(Extracted data entries)
╭──
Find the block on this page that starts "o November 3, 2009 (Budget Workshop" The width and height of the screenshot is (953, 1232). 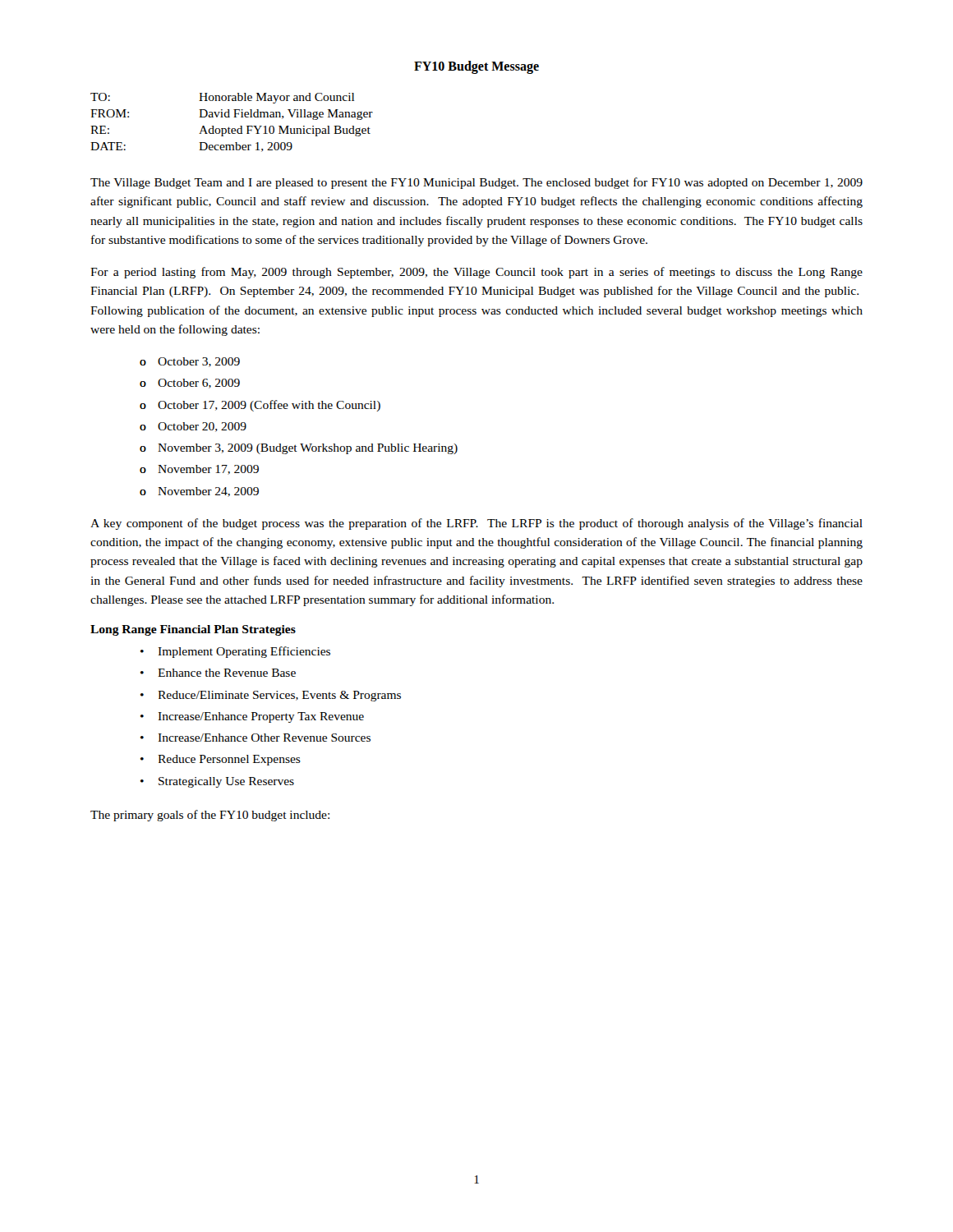point(308,447)
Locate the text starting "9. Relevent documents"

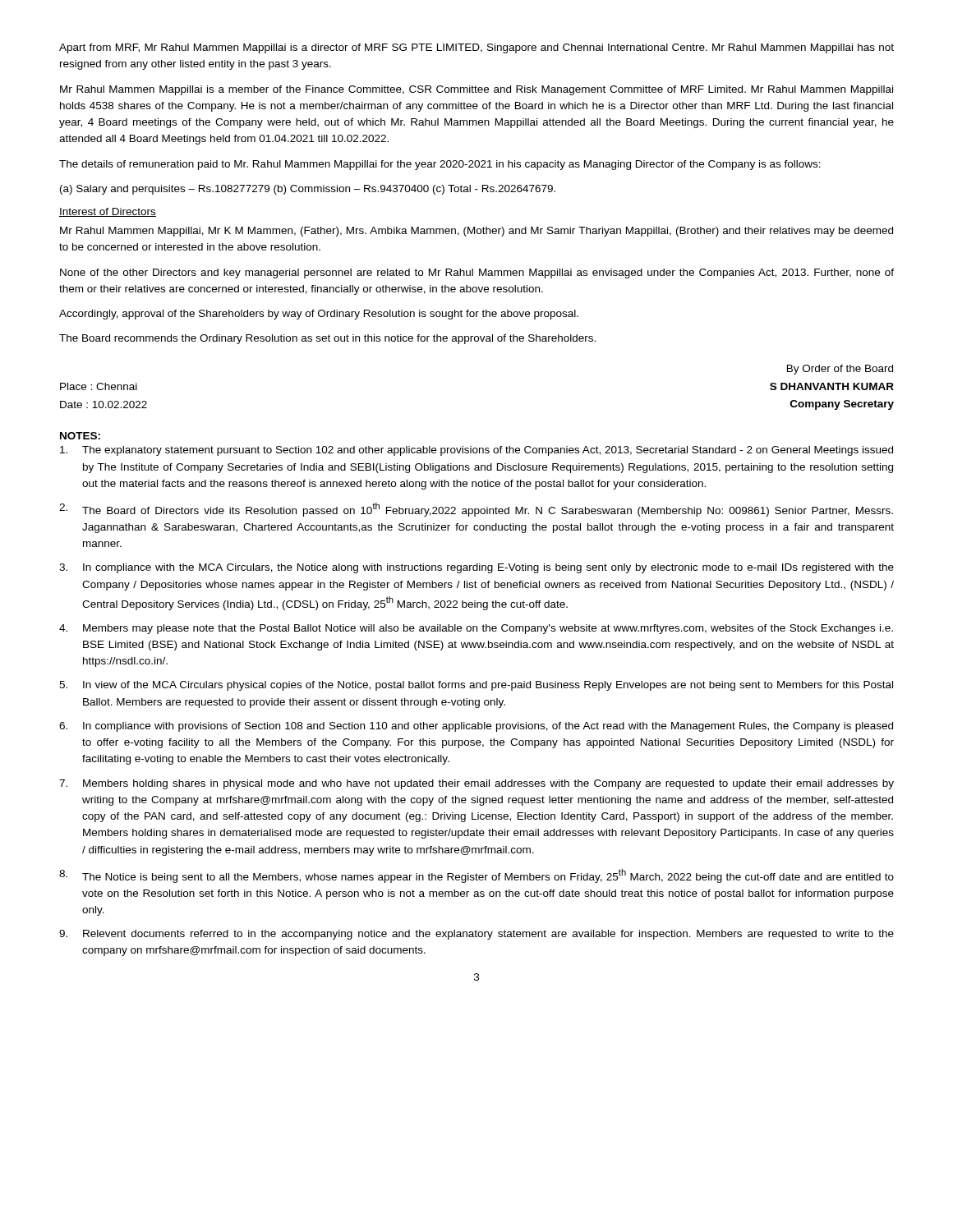(x=476, y=942)
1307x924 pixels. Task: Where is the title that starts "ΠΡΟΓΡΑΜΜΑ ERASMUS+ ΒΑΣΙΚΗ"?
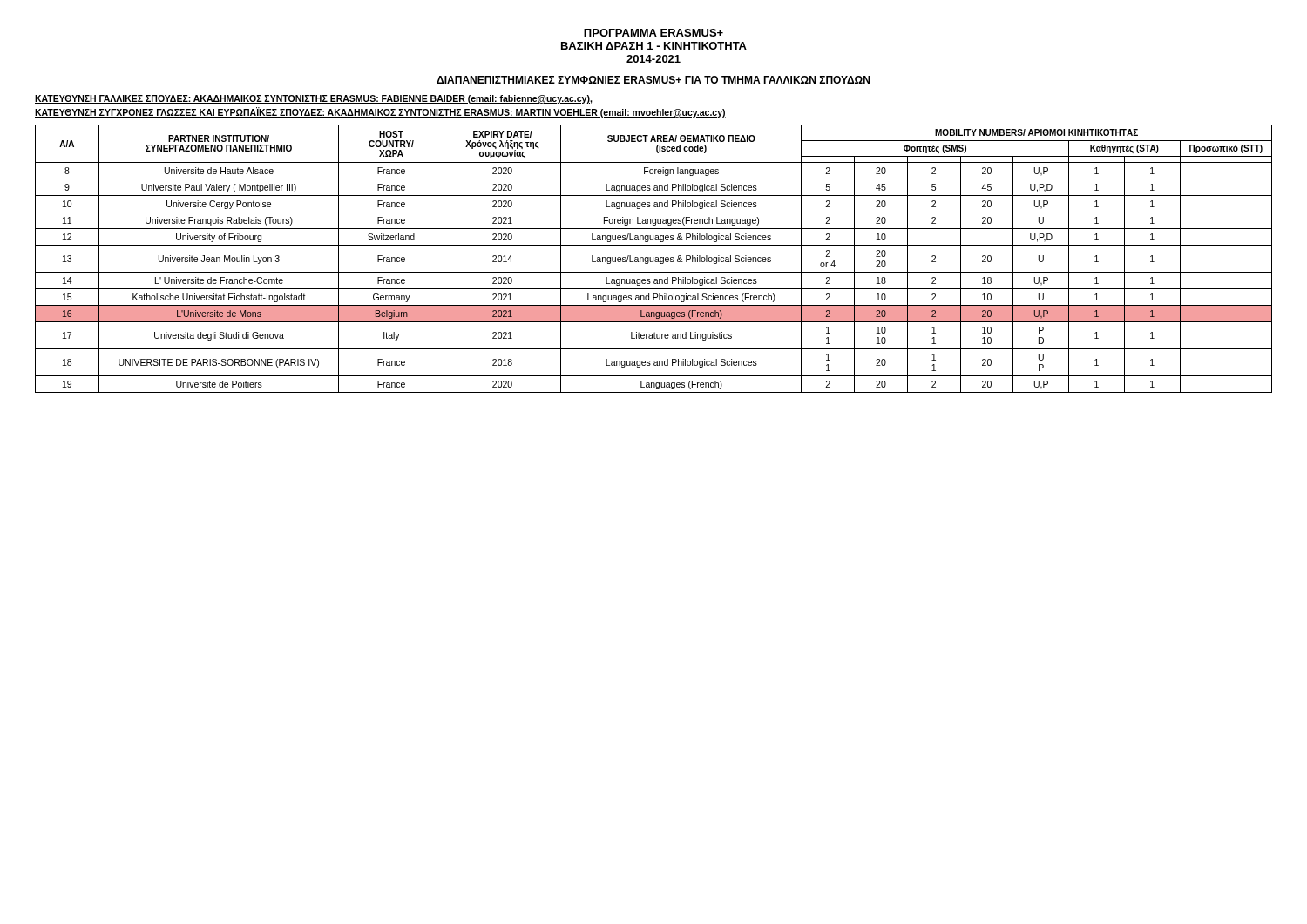[654, 46]
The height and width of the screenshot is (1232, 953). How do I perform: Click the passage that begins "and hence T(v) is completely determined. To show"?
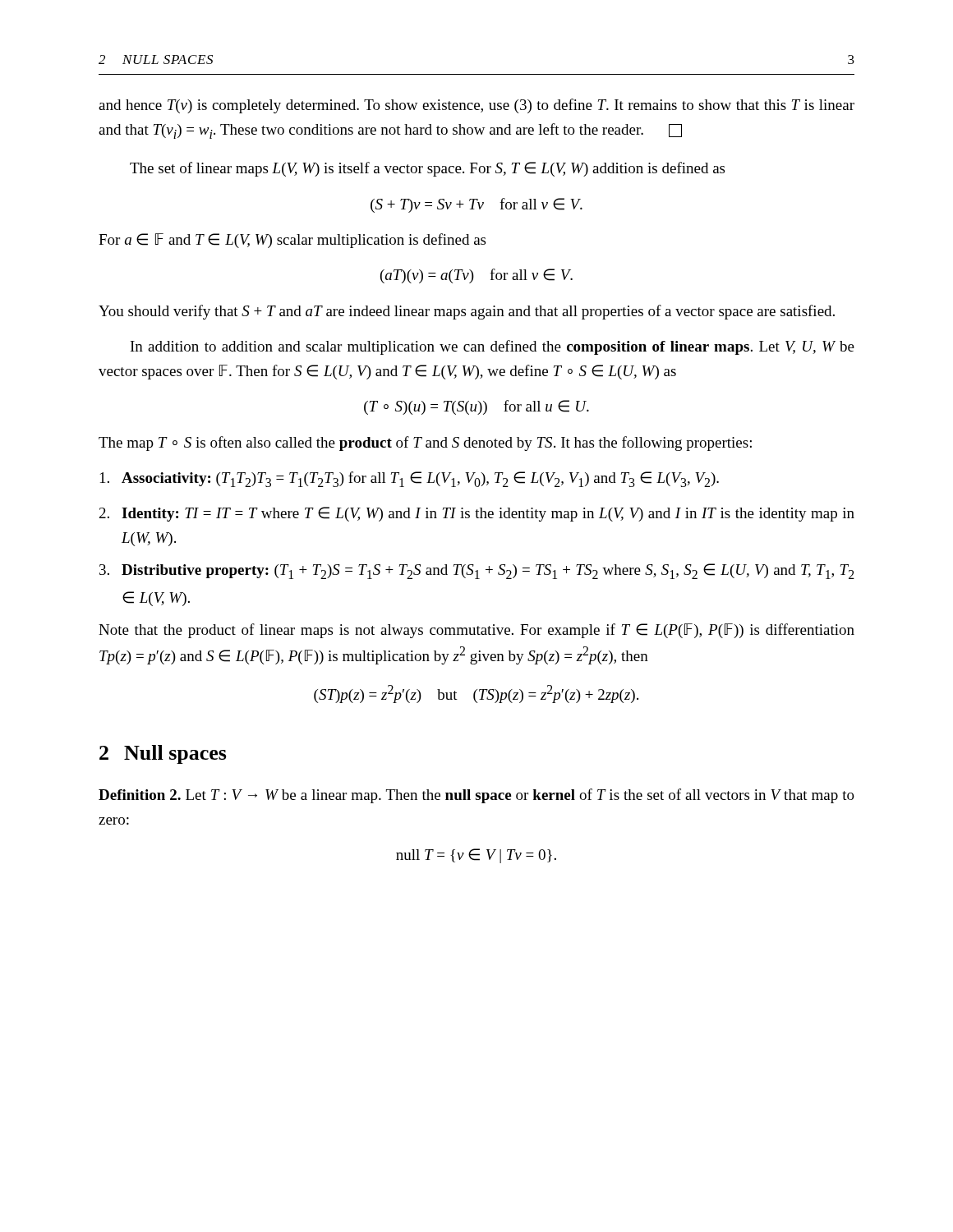(x=476, y=119)
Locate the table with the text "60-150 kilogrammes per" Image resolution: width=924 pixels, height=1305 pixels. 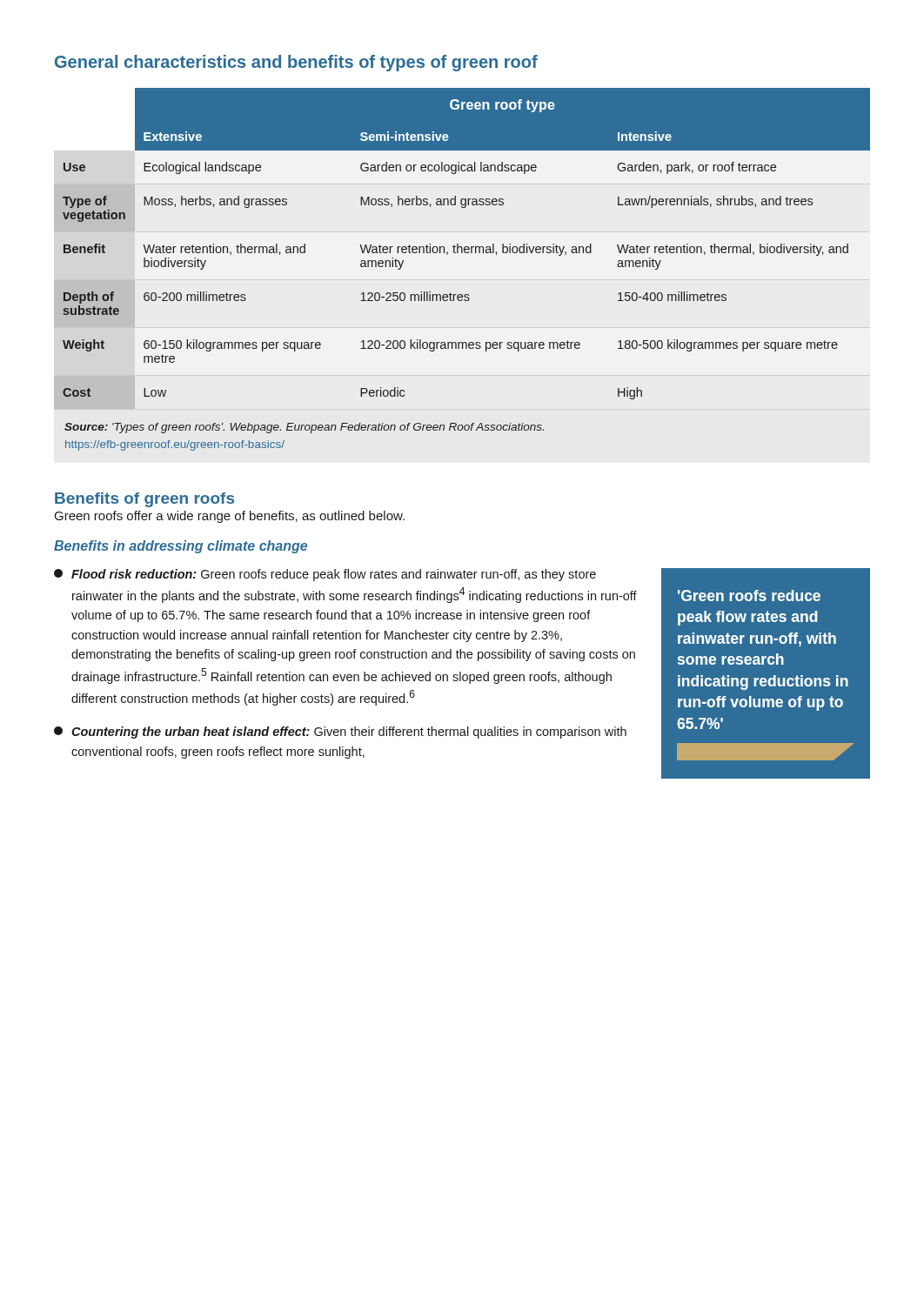point(462,249)
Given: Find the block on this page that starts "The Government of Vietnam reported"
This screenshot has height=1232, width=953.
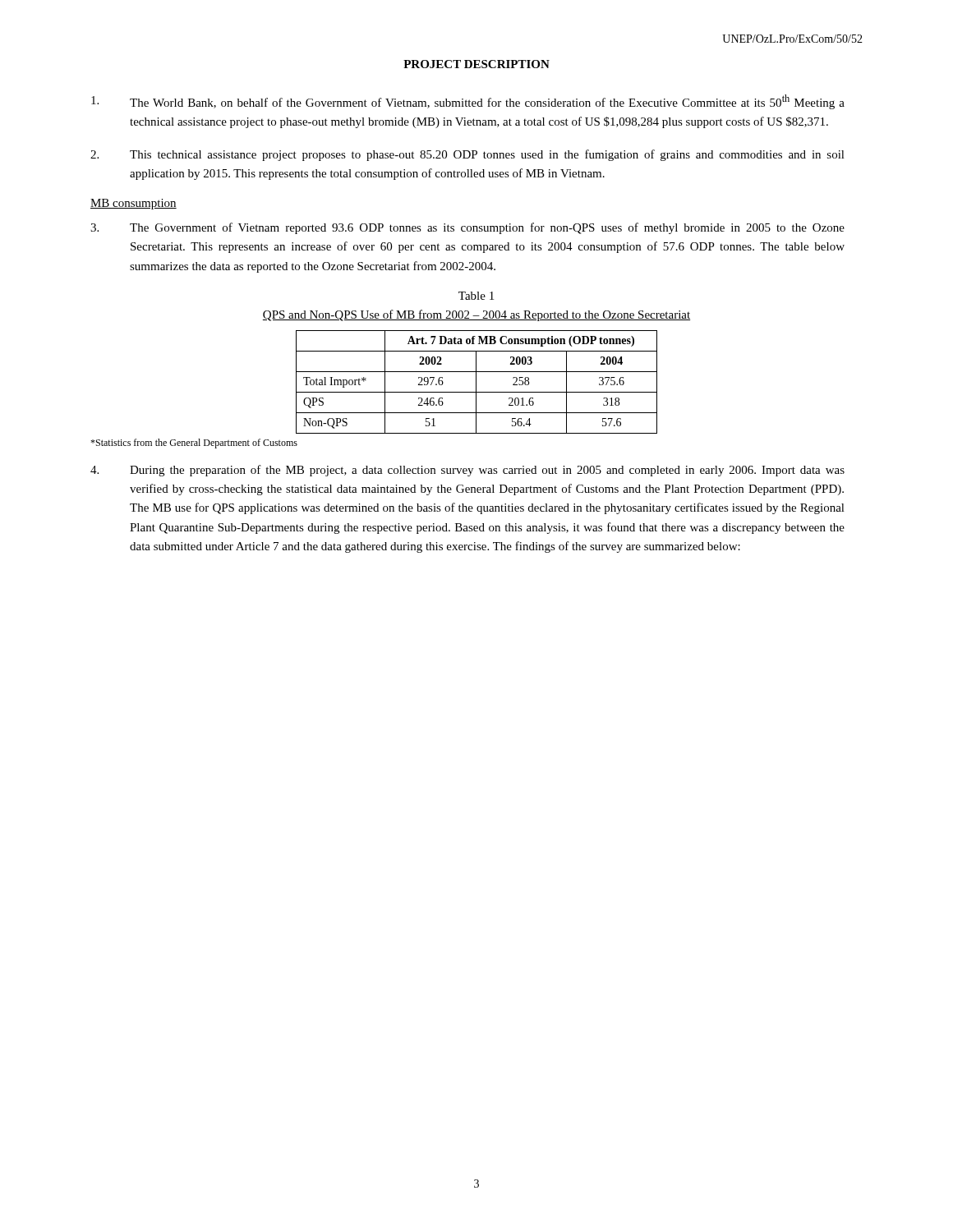Looking at the screenshot, I should pos(467,247).
╰──
TASK ITEM: Only the lines from the one containing "Given: Find the" through the end of the records should be copied, exactly and with both ends included; the pictures should not.

EXERCISE RESULT:
Given: Find the block on this page that starts "The Government of Vietnam reported"
This screenshot has height=1232, width=953.
Looking at the screenshot, I should pos(467,247).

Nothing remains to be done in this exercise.